2007年05月11日

10.反対咬合の治療

不正咬合の矯正治療について,少し具体的に説明してみたい.まず最初に取り上げるのは「反対咬合」である.これは俗に受け口と呼ばれ,文字どおり上下の前歯が通常とは反対にかんでいる状態を表している.程度がひどくなれば,前歯で咬み切れない,発音がうまくできない,唇が閉じにくいなどの機能的な障害を伴うようになる.

反対咬合の治療に際しては,顎骨の不調和の有無を見極めることが重要だ.それによって治療の難しさや進め方が異なるからである.

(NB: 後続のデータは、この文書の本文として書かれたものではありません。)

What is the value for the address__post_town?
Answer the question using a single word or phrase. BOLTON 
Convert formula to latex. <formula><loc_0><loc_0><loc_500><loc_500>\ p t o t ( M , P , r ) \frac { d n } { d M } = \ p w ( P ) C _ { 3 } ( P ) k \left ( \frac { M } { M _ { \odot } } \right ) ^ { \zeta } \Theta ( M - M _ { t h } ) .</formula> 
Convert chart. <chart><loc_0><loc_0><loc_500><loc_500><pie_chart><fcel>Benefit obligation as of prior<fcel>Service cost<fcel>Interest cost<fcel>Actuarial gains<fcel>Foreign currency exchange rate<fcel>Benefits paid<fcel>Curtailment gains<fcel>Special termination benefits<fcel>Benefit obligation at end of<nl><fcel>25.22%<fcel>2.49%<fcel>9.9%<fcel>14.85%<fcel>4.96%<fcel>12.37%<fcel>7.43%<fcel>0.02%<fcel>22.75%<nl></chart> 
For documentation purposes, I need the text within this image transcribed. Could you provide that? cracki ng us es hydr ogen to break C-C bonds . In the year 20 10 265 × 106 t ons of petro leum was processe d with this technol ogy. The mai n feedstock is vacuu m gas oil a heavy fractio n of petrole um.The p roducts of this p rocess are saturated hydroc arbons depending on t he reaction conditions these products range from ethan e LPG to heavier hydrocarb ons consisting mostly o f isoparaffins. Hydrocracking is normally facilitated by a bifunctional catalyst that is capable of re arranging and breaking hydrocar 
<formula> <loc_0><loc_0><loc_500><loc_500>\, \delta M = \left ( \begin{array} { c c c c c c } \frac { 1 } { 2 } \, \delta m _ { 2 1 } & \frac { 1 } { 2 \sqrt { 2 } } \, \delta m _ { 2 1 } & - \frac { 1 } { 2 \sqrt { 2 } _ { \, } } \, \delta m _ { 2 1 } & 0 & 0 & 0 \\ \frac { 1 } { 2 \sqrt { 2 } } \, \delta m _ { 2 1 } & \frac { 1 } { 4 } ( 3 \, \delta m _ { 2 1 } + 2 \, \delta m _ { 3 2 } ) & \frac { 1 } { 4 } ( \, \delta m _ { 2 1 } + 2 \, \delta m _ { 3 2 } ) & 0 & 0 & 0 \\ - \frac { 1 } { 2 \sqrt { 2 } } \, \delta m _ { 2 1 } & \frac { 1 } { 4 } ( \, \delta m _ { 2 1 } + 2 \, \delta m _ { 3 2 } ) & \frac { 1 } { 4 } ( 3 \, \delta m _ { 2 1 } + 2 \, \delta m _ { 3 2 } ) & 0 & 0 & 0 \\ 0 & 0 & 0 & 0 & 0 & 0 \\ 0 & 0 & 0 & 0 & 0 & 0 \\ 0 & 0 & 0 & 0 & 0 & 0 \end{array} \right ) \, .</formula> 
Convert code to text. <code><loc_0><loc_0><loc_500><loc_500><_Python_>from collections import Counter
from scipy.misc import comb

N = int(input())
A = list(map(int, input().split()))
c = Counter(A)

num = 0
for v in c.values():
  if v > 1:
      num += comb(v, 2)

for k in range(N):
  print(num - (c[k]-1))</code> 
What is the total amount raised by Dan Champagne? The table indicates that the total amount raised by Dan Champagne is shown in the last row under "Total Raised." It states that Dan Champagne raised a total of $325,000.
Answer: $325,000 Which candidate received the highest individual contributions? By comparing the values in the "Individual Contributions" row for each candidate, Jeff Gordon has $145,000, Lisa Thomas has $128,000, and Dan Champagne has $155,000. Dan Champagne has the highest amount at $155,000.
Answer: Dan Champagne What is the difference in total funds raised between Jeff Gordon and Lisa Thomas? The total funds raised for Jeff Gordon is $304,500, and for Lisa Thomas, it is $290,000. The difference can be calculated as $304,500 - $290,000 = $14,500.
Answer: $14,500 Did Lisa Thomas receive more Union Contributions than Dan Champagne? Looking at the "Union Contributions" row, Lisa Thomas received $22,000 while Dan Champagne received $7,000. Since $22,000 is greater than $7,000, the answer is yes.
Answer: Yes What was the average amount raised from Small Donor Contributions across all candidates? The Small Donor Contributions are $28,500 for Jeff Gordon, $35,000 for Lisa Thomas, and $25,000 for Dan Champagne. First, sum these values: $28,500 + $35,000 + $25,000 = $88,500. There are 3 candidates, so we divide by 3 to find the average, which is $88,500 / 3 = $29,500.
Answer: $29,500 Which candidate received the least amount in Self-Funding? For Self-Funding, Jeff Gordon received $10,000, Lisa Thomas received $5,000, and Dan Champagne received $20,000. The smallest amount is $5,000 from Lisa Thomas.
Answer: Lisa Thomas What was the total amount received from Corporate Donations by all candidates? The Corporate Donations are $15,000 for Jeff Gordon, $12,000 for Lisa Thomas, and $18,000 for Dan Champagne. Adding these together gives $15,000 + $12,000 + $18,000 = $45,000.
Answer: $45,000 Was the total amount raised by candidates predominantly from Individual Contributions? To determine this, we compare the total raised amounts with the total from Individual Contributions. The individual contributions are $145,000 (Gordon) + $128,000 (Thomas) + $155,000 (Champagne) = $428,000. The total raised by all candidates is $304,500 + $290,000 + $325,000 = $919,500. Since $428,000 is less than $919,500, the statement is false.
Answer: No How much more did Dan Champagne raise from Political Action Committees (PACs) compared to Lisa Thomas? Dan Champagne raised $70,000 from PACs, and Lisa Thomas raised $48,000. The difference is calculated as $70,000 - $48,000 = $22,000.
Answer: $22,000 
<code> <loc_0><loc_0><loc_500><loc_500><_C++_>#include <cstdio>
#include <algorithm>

まず,顎骨に問題がない場合は,治療は比較的容易である.前歯が生える時に何らかのきっかけで方向が変わり,反対咬合になった可能性が高いと考えられるからだ.このタイプに属する乳歯の反対咬合は,前歯の交換期にかなりの割合で自然に改善する.治療法としては,主にマルチブラケット装置(個々の歯の表面に接着剤でつける金属製やセラミックス製の数㍉角の小さな装置)という口の中の装置だけを用い,形状記憶合金などでできたワイヤーの弾性を利用して上の前歯を外側に動かす方法が一般的だ.しかも,短期間で改善し,再発の危険性も低い.子供の場合には,思春期前の第1期治療だけで良い結果が得られ,思春期後の第2期治療を省略することも少なくない.

一方,上顎が小さい,下顎が大きいなど,顎骨に問題がある反対咬合は「下顎前突」とも呼ばれ,その程度がひどくなるにつれて治療の難しさも増す.遺伝的傾向が認められることが多く,乳歯から永久歯に代わる時に自然に良くなることはまずない.子供の場合には,第1期治療において,口の中だけではなく外につける装置も併用して,顎骨のバランスを整えながら反対咬合を改善する方法がとられる.もし,その後の成長観察期に再発した場合には,第2期治療においてマルチブラケット装置を用いて細部にわたる修正が行われる.なお,患者さんには敬遠されているが,第1期治療で用いられる口の外につける装置としては,上顎の成長を促すための前方けん引装置(上顎を前に引き出すようなゴムの力を伝えるキャッチャー・マスク様の装置)が効果的である.下顎骨の成長を抑えるために用いられていたチンキャップ装置(下顎を後退させるようなゴムの力を伝える帽子型の装置)は,以前ほどは使われなくなってきている.また,顎骨の不調和が極めて著しく,「顎変形症」の域に達している子供に対しては,あえて第1期治療は行わず,顎骨の成長が停止するのを見届けた上で,外科手術によって上顎を前に出したり,下顎を後退させるなどの「外科的矯正」を行うのが確実な方法だ.